DE10256558A1 - Esters of polysaccharide aldonic acids, process for their preparation and use for coupling to active pharmaceutical ingredients - Google Patents

Abstract

When coupling polysaccharide derivatives such. B. Hydroxyethyl starch (HES) pharmaceutical active ingredients in an aqueous environment, disadvantages occur in the form of undesirable side reactions. A new method for coupling polysaccharide derivatives to active pharmaceutical ingredients is to be found in an aqueous environment in which these disadvantages do not occur. DOLLAR A The object is achieved in that new polysaccharide-aldonic acid esters have been found with which the polysaccharide-aldonic acids can be coupled to active pharmaceutical ingredients in an aqueous environment without the disadvantages described. DOLLAR A Improved coupling method of polysaccharide-aldonic acids to active pharmaceutical ingredients in an aqueous environment without the disadvantages described. DOLLAR A Improved coupling method of polysaccharide-aldonic acids to active pharmaceutical ingredients in an aqueous environment.

Description

The conjugation of active pharmaceutical ingredients especially of proteins with polyethylene glycol derivatives ("PEGylation") or polysaccharides such as dextrans or especially hydroxyethyl starch ("HESylation") has become increasingly important in recent years obtained with the increase in pharmaceutical proteins from the biotechnological Research.

Such proteins often have one too short biological half-life, which is linked to the above cited Polymer compounds such as PEG or HES can be specifically extended can. By coupling but also has a positive effect on the antigenic properties of proteins become. In the case of other active pharmaceutical ingredients, through the coupling the water solubility be significantly enlarged.

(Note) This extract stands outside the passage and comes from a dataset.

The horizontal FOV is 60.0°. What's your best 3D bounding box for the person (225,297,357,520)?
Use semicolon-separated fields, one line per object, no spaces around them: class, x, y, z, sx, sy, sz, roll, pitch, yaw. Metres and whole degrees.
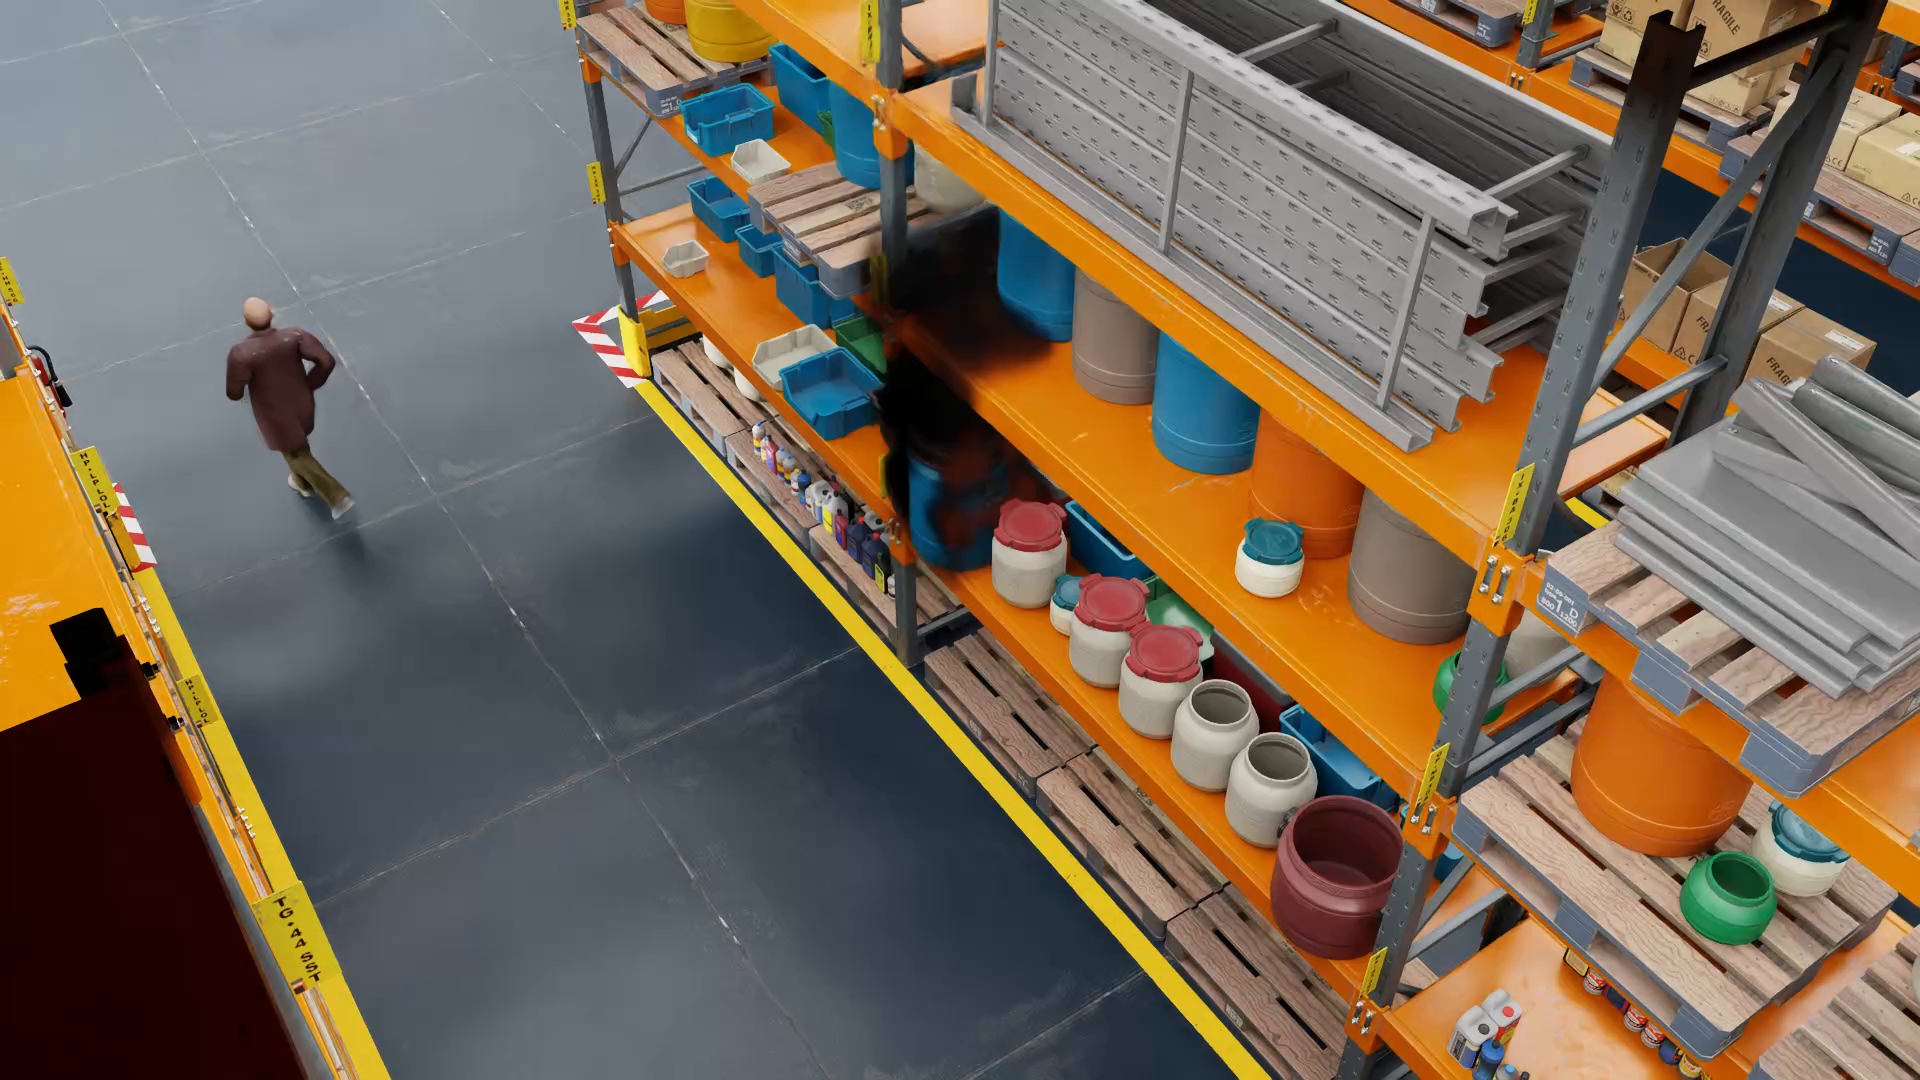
person;-4.602;-0.867;11.394;0.980;1.794;0.692;32;51;30

HES is the hydroxethylated derivative the waxy corn starch to about 95% glucose polymer amylopectin. Amylopectin exists from glucose units in α-1,4-glycosidic bonds are present and α-1,6-glycosidic Have branches. HES has advantageous rheological properties and is currently used as a volume substitute and for hemodilution therapy clinically used (Sommermeyer et al., Krankenhauspharmazie, Vol. 8 (8, 1987) pages 271-278 and Weidler et. al., drug research / Drug Res., 41, (1991) Pages 494-498).

HES is essentially about that weight average molecular weight Mw, the number average of the average molecular weight Mn, the molecular weight distribution and the degree of substitution. Substitution with hydroxyethyl groups in ether bond is possible on the carbon atoms 2, 3 and 6 of the anhydroglucose units. The Degree of substitution can be a DS ("degree of substitution"), which is based on the Proportion of substituted glucose molecules in all glucose units takes, or as MS ("molar substitution ") with which the average number of hydroxyethyl groups per glucose unit referred to as.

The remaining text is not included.